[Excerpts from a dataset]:
━━━

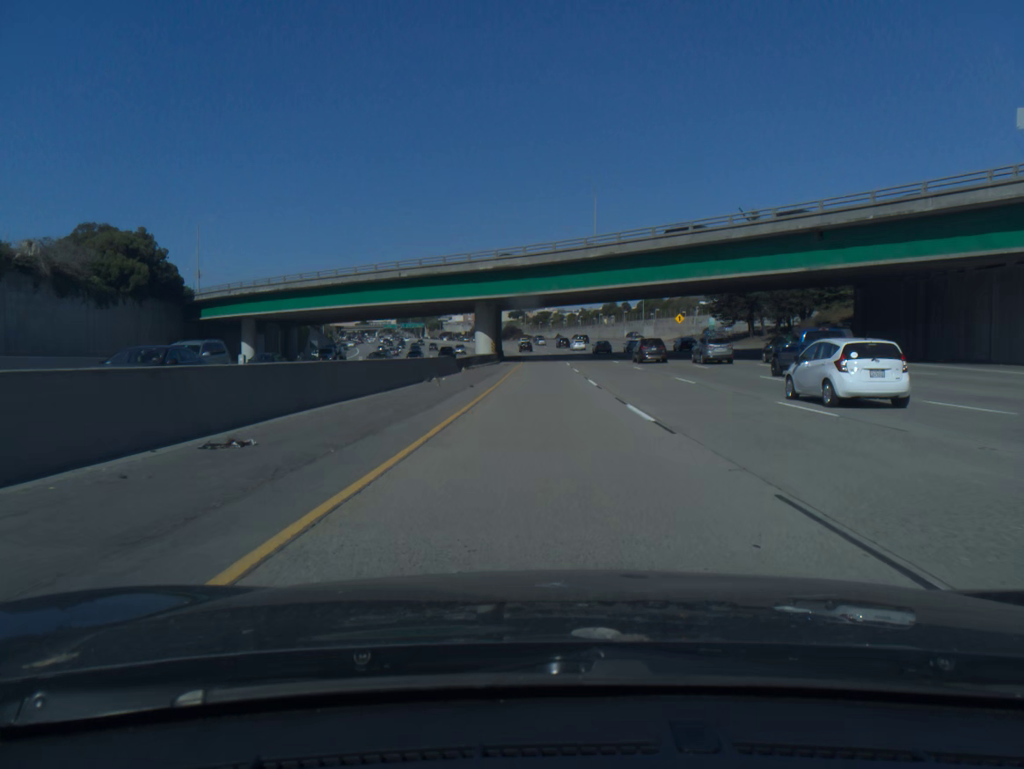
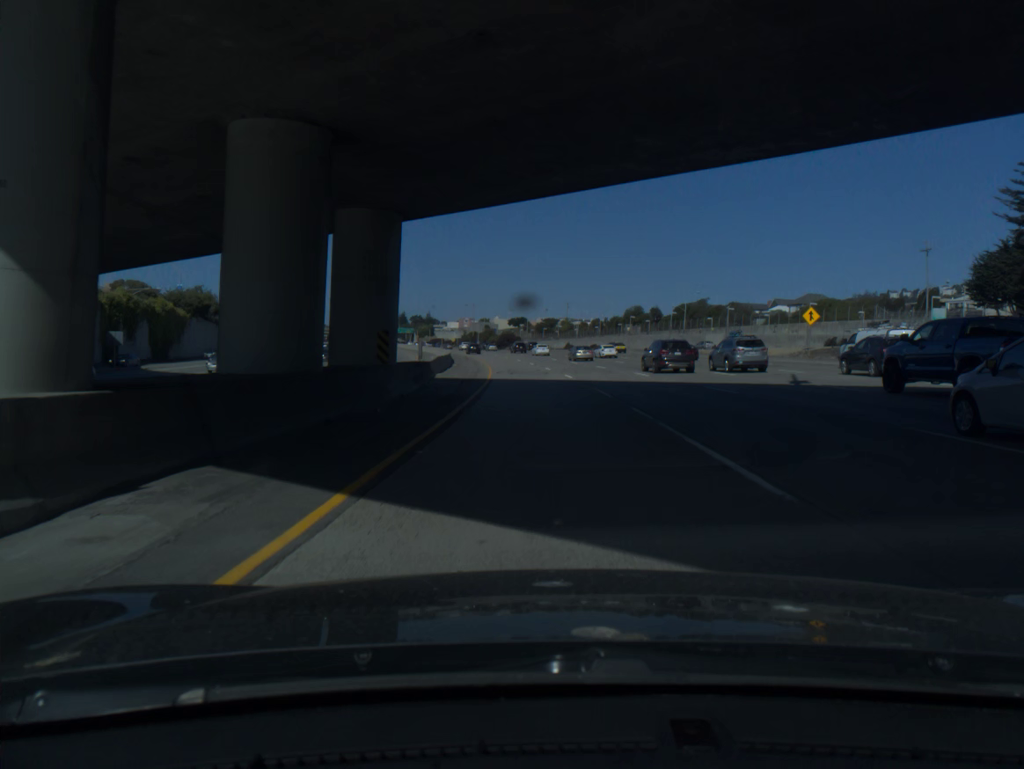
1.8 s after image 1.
(+0.1, +64.5) m; 0°
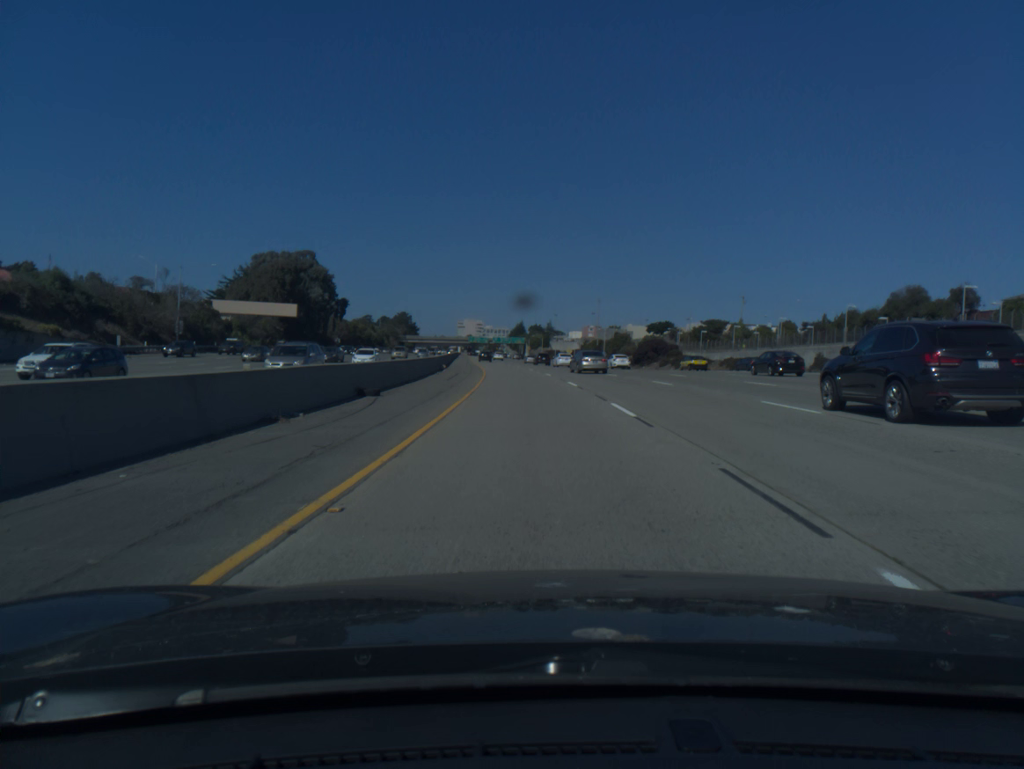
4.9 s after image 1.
(-7.2, +105.2) m; -9°
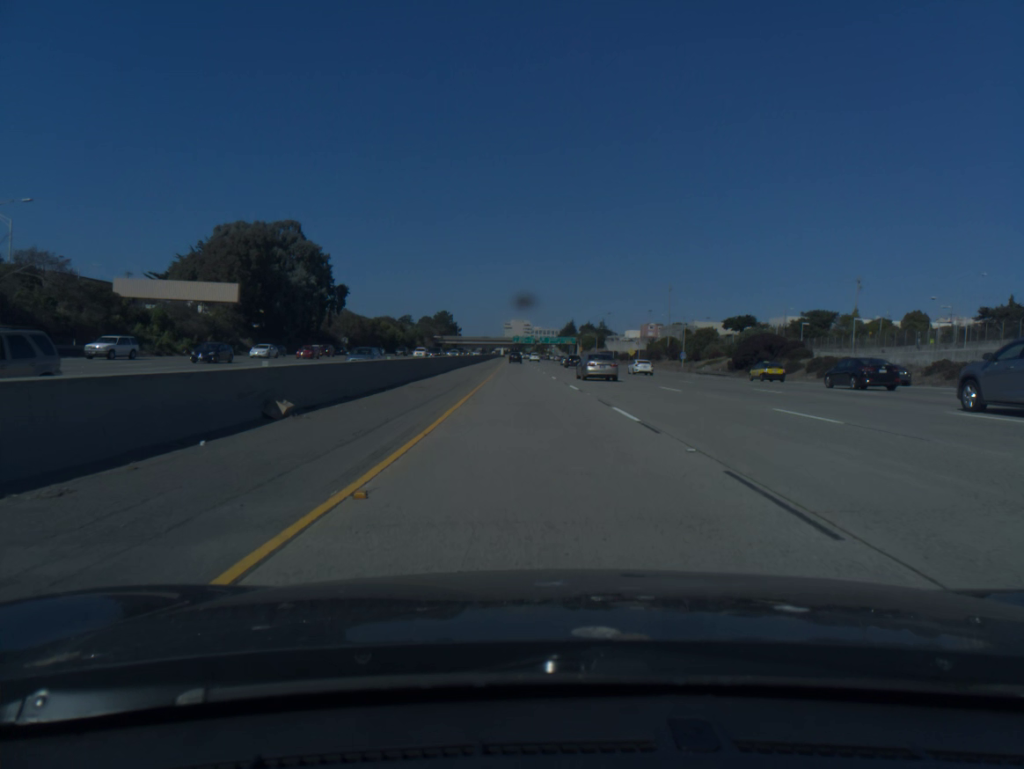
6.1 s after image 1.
(-1.5, +43.1) m; -4°
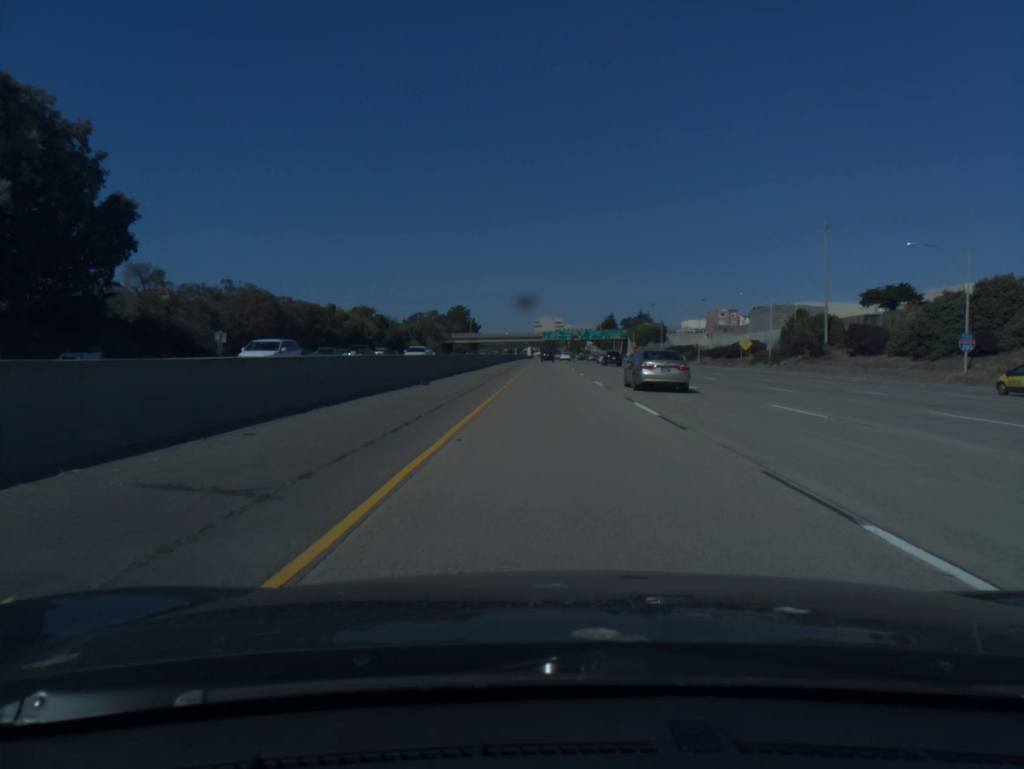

━━━

[DESCRIPTION OF THE TASK]: Output the data exactly as it appears. The pictures do not belong in it.

[RESPONSE FOR THIS EXERCISE]:
1.8 s after image 1.
(+0.1, +64.5) m; 0°
4.9 s after image 1.
(-7.2, +105.2) m; -9°
6.1 s after image 1.
(-1.5, +43.1) m; -4°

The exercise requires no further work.